§ Exercise instructions
Retype only what runs from the beginning of the data through the line with "text Burgers kunnen"; please omit the pictures and keep every line exact.

════

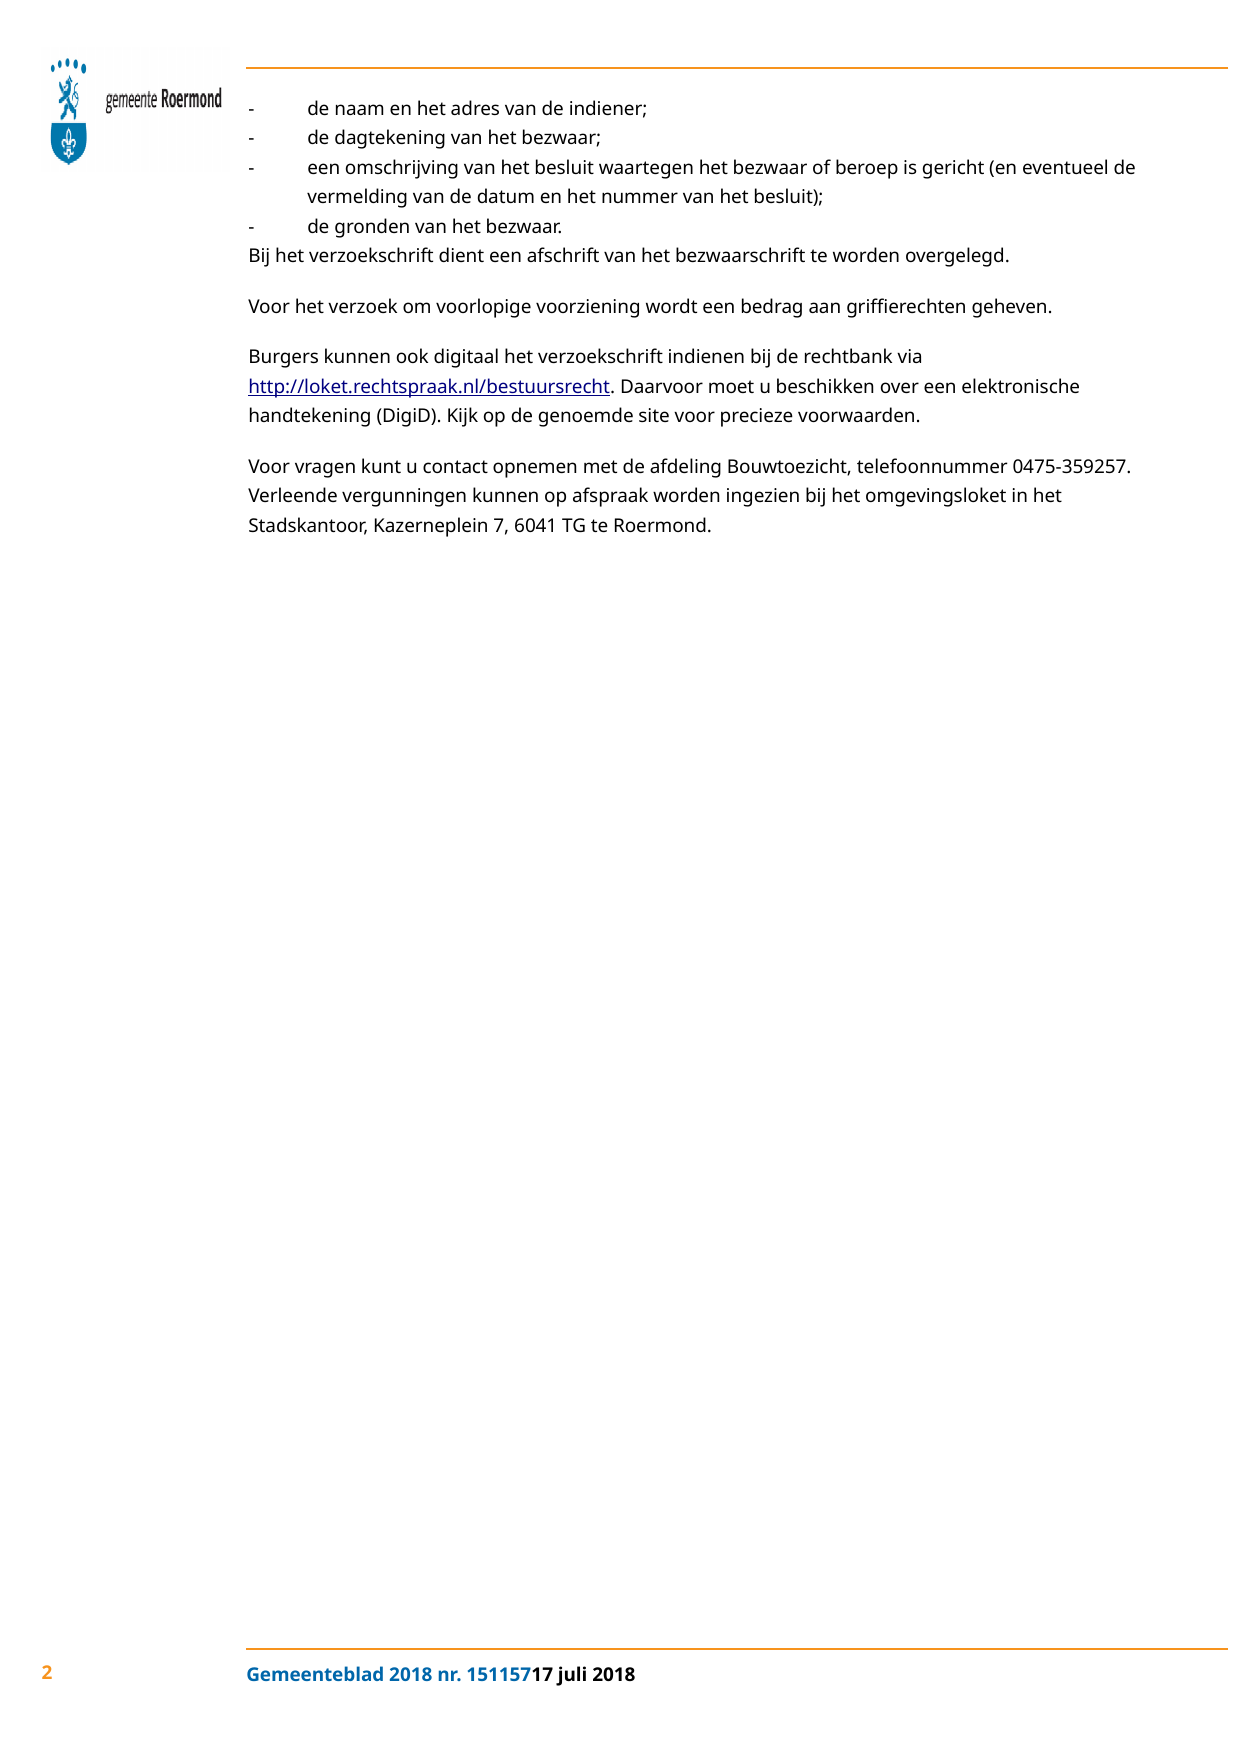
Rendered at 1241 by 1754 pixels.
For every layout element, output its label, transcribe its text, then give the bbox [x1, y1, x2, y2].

list de dagtekening van het bezwaar; [248, 124, 1152, 150]
text Burgers kunnen ook digitaal het verzoekschrift indienen bij de rechtbank via http://loket.rechtspraak.nl/bestuursrecht. Daarvoor moet u beschikken over een elektronische handtekening (DigiD). Kijk op de genoemde site voor precieze voorwaarden. [248, 343, 1152, 428]
list de naam en het adres van de indiener; [248, 95, 1152, 121]
picture [41, 47, 231, 172]
text Voor het verzoek om voorlopige voorziening wordt een bedrag aan griffierechten geheven. [248, 293, 1152, 319]
list een omschrijving van het besluit waartegen het bezwaar of beroep is gericht (en eventueel de vermelding van de datum en het nummer van het besluit); [248, 154, 1152, 209]
text Voor vragen kunt u contact opnemen met de afdeling Bouwtoezicht, telefoonnummer 0475-359257. Verleende vergunningen kunnen op afspraak worden ingezien bij het omgevingsloket in het Stadskantoor, Kazerneplein 7, 6041 TG te Roermond. [248, 453, 1152, 538]
text Bij het verzoekschrift dient een afschrift van het bezwaarschrift te worden overgelegd. [248, 243, 1152, 268]
list de gronden van het bezwaar. [248, 213, 1152, 239]

════

§ Response to the task
Rendered at 1241 by 1754 pixels.
For every layout element, output its label, transcribe its text, then give the bbox [x1, y1, x2, y2].

list de dagtekening van het bezwaar; [248, 124, 1152, 150]
text Burgers kunnen ook digitaal het verzoekschrift indienen bij de rechtbank via http://loket.rechtspraak.nl/bestuursrecht. Daarvoor moet u beschikken over een elektronische handtekening (DigiD). Kijk op de genoemde site voor precieze voorwaarden. [248, 343, 1152, 428]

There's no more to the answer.